Like many children, I was scared of thunder storms. Fortunately, I live in England and the weather here is generally as bland as the cuisine; but every now and then those humid, muggy summer’s afternoons would turn into an evening of high drama, and I would lie awake in bed, silently pleading for it all to stop.

One night, my mother came upstairs to calm me down. As lightning flashed outside, she counted slowly under her breath. Then came the boom of thunder. She stopped counting. “Why are you counting?”, I asked. After all, curiosity kills cats, not scared little boys. Only thunder does that.

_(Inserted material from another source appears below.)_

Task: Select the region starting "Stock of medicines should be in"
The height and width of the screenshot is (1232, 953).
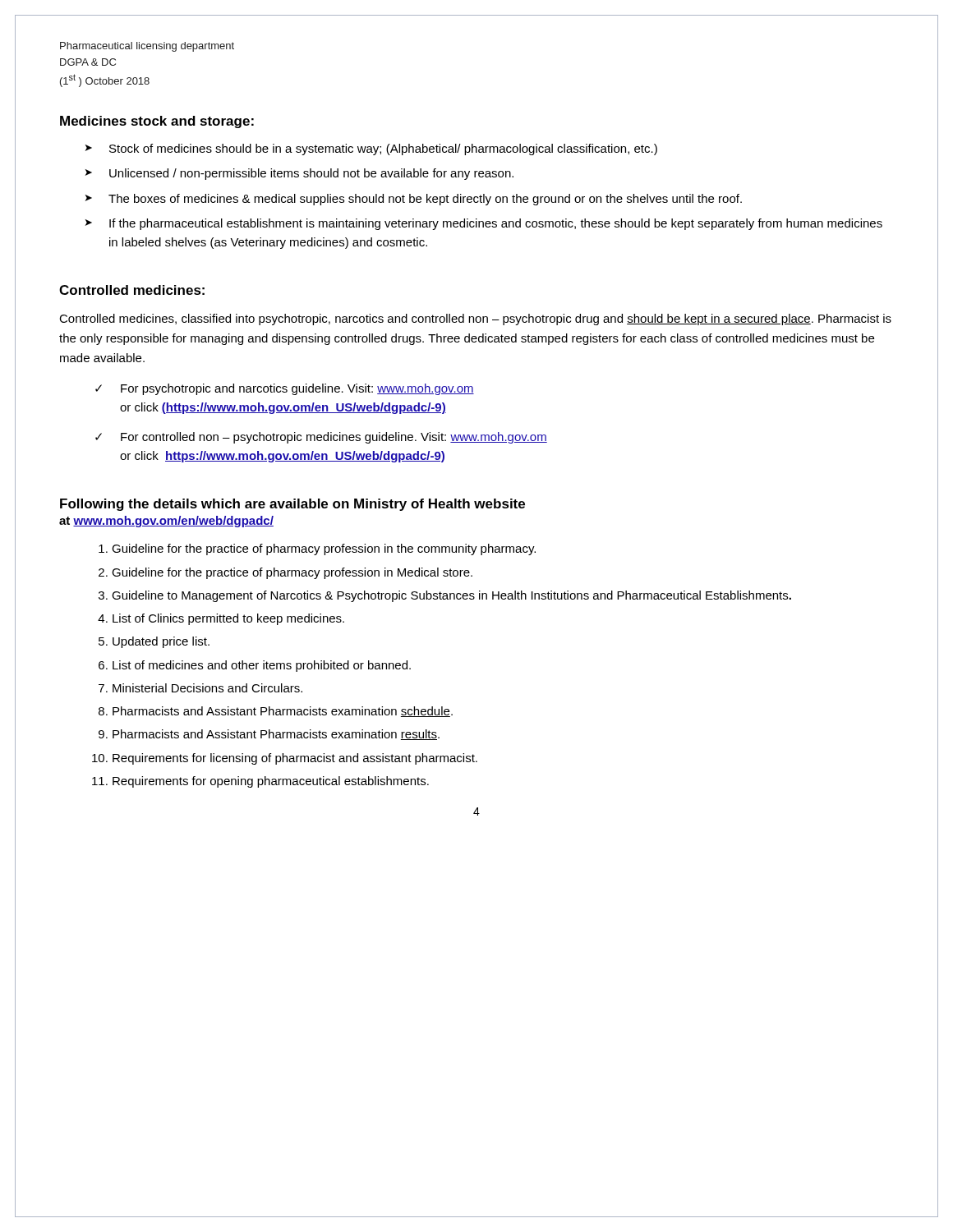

And baths. “Well”, she replied, “if you count the seconds between the lightning and thunder, it tells you how far away the thunder is. Every 5 seconds is roughly a mile.” Lightning flashed again. “Go ahead, count.”

“One milk-in-tea, two milk-in-tea, three milk-in-tea…fifteen milk-in-tea” (just kidding, we also say ‘Mississippi’). Three miles. To a six-year-old, three whole miles is practically the edge of the world. You know, the place where Davy Jones keeps the Kraken and the washing-machine sends socks. I was calm.

The world, however, is not.

What we may be witnessing is…the end of history as such … That is, the end point of mankind’s ideological evolution and the universalization of Western liberal democracy as the final form of human government.

(Francis Fukuyama, ‘The End of History and the Last Man’, P.330)

Events unfolding across the United States sent shock-waves throughout a world barely on the road to recovery from Coronavirus, taking root in every State, spreading to engulf cities across the Western world. The pain is immeasurable and real. As President Trump threatens to invoke the Insurrection Act for the first time in close to three decades, it is high time we notice an emerging pattern:

The peals of thunder are rumbling louder and closer together than ever. The time and distance between each one shrinks as the West’s belief in itself does the same.

Ferguson, Oakland, Bloomington, Baltimore, Charleston, Chicago, Baton Rouge, Dallas, Minneapolis. The storm rages.

Embed from Getty Images

But that’s not all. As the world emerges from the shadow of Coronavirus, blinking in the sunlight of a new chapter in our shared story, Western democracies are frozen at a crossroads of self-doubt. If Fukuyama was right and we stand at the ‘end of history’, I pray to God this isn’t what it looks like. If this really is the ‘final form of human government’, Locke must be turning in his grave.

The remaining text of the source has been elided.